I'm feeling quite glad of a night in tonight - but during last week's burst of energy I took a train ride to Reading to see this adaptation of The Night Watch. (I think you probably do need to have read the book; years since I read it but it came back to me.)
It was my first visit to The Hexagon at Reading, as cheerlessly municipal/unatmospheric as a theatre could possibly be. Its saving grace is a lovely little allotment garden outside where you can bring your interval drink on a sunny afternoon.
It was an excellent adaptation, I thought - and the set design really captured the drab exhaustion of 1947, when the story opens, and the horrors of the Blitz. It was a real shame that there was only a smattering of people in audience. (It was a weekday matinée.) The play continues on tour.



Richmond Theatre, on the other hand, is like sitting in a lovely old-fashioned box of expensive chocolates- and that's where I was the following night.

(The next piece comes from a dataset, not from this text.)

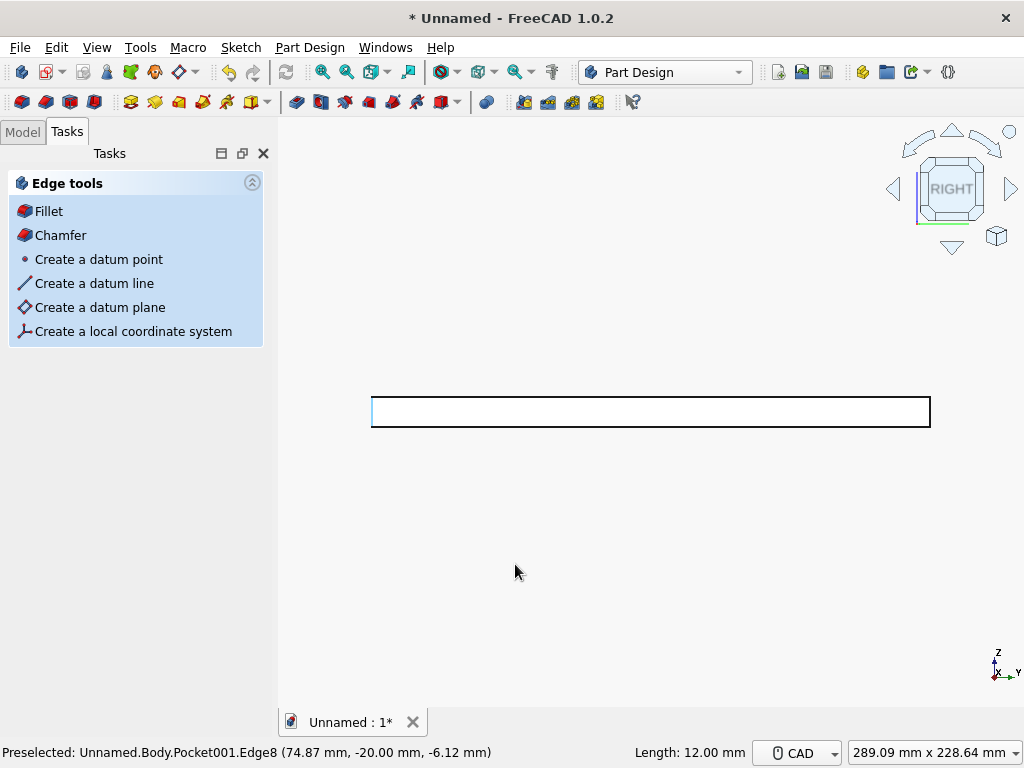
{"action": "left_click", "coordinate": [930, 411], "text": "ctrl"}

And this time the theatre was packed. I'd never seen A Woman of No Importance before - so I hadn't twigged that it's such a very dull play! The West End cast - with Anne Reid - might have dragged it up a notch (or maybe not) but the current cast is very lack-lustre. (Usual cheers from the Richmond audience ... can they all be somebody's mum or second cousin? I always wonder how they'd respond when something is actually good?) Also on tour, but honestly I wouldn't bother.

2 comments:

Vronni's Style Meanderings said...

I must look out for 'The Night Watch' - I loved the book.

Mary said...

Yes, I was glad to see it, Vronni - seems to be on tour until end of November.